📊

K-Means Clustering Algorithm

Jul 19, 2024

K-Means Clustering Algorithm

Introduction

  • Goal: Divide dataset into clusters using K-Means and Euclidean distance.
  • Data Points: A1, A2, A3, B1, B2, B3, C1, C2.
  • Initial Centroids: A1, B1, C1 (provided)
    • If not provided, any points can be chosen as initial centroids.

Steps to Apply K-Means Algorithm

  1. Calculate distances: Use Euclidean distance formula to compute distances from data points to centroids.
    • Euclidean Distance: ( \sqrt{(x_2 - x_1)^2 + (y_2 - y_1)^2} )
  2. Assign Clusters: Select the smallest distance to assign points to clusters
  3. Update Centroids: Calculate the new centroids for each cluster.
  4. Repeat: Recalculate distances with new centroids and reassign points until convergence.

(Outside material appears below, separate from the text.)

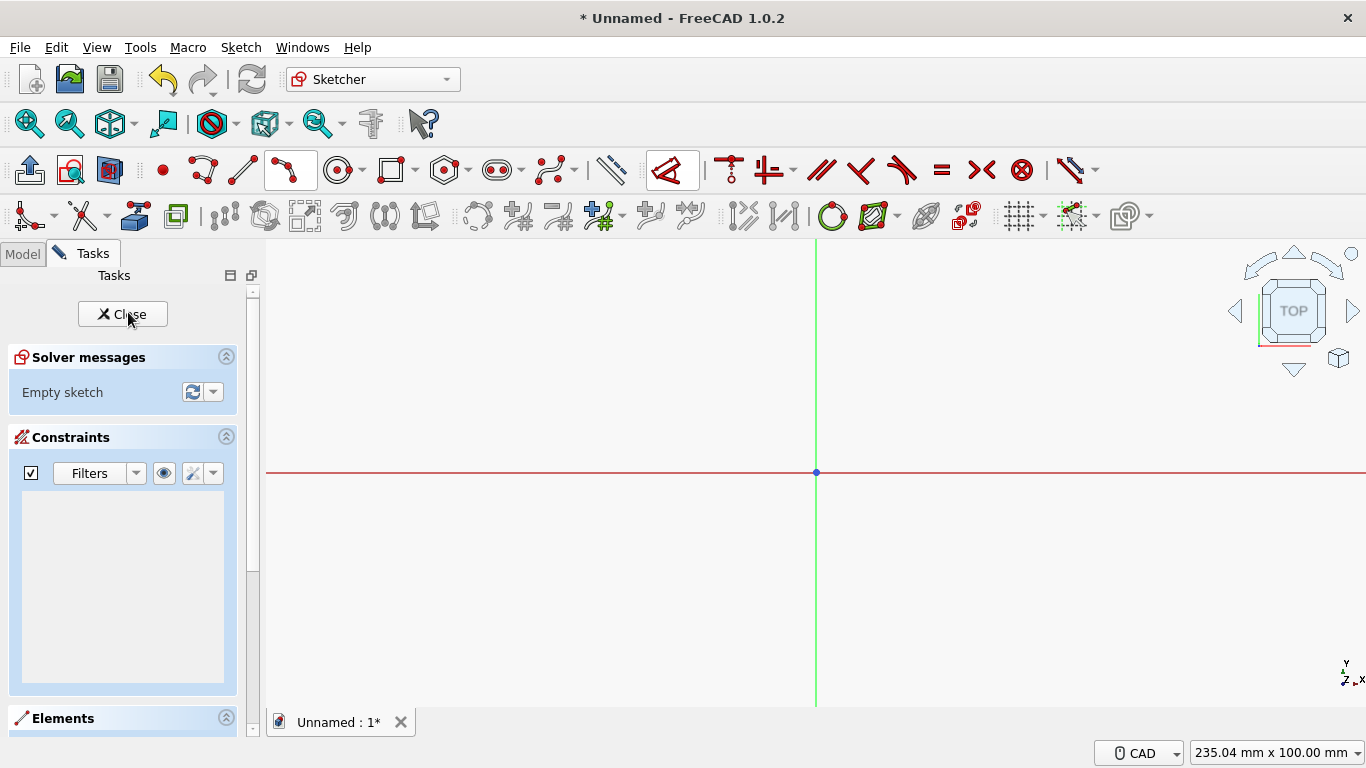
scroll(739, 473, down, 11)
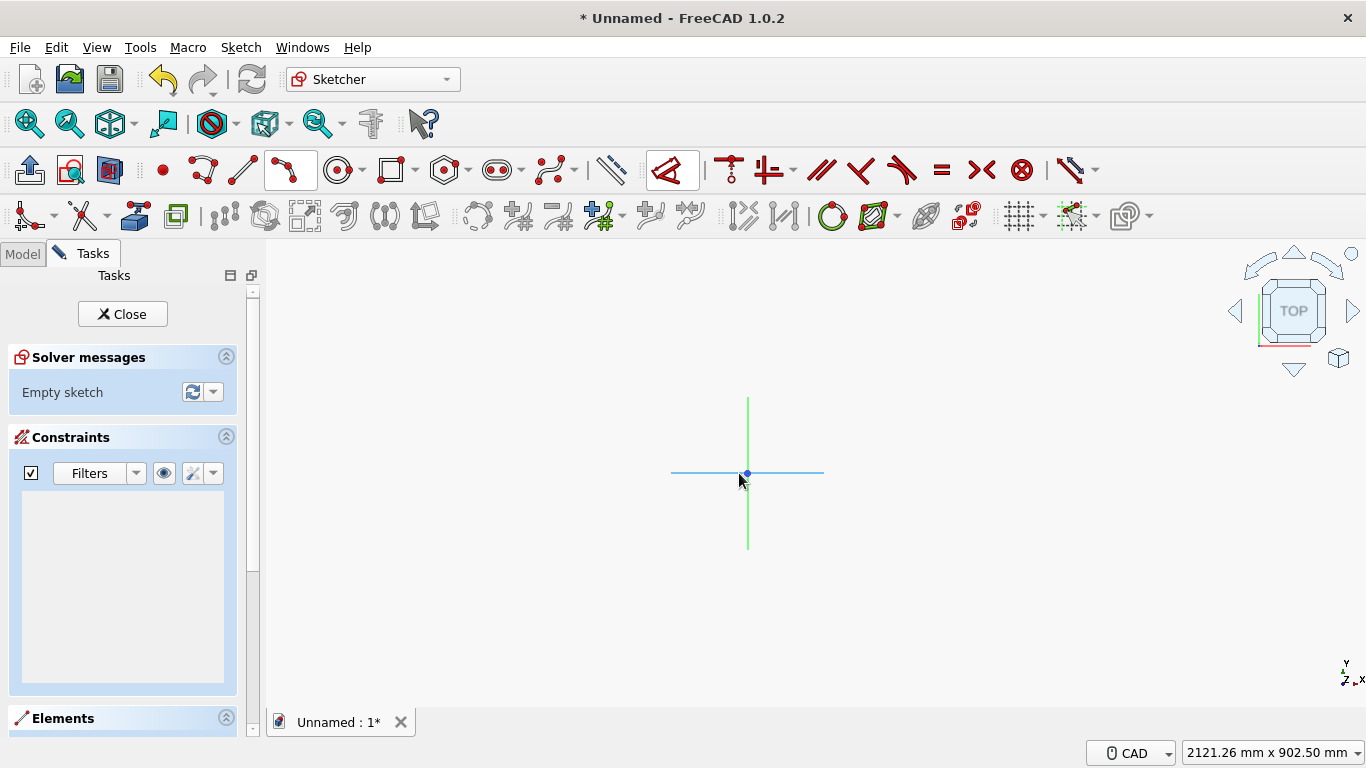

Distance Calculation Example

  • Formula: [ \text{Distance} = \sqrt{(x2 - x1)^2 + (y2 - y1)^2} ]
    • Example: Distance between A1 (2, 10) and centroid (2, 10)
      • [ \sqrt{(2-2)^2 + (10-10)^2} = 0 ]
    • Example: Distance for another point calculation:
      • [ \sqrt{(2-2)^2 + (10-5)^2} = 5 ]

First Iteration

  • Clusters assignment based on distances
    • A1 to Cluster 1
    • A2, C1 to Cluster 3
    • A3, B1, B2, B3, C2 to Cluster 2
  • New Centroids Calculation:
    • Cluster 1: A1
    • Cluster 2: Mean of A3, B1, B2, B3, C2
    • Cluster 3: Mean of A2, C1

Following Iterations

  • Recalculate distances using new centroids.
  • Reassign clusters: Based on the smallest distance.
  • Update centroids as necessary.
  • Continue until cluster assignments do not change.

Convergence

  • Final clusters established when assignments stop changing.
    • Example final clusters:
      • Cluster 1: A1, B1, C2
      • Cluster 2: A3, B2, B3
      • Cluster 3: A2, C1

Conclusion

  • K-Means Algorithm effectively partitions data points into clusters using iterative distance recalculations and centroid updates.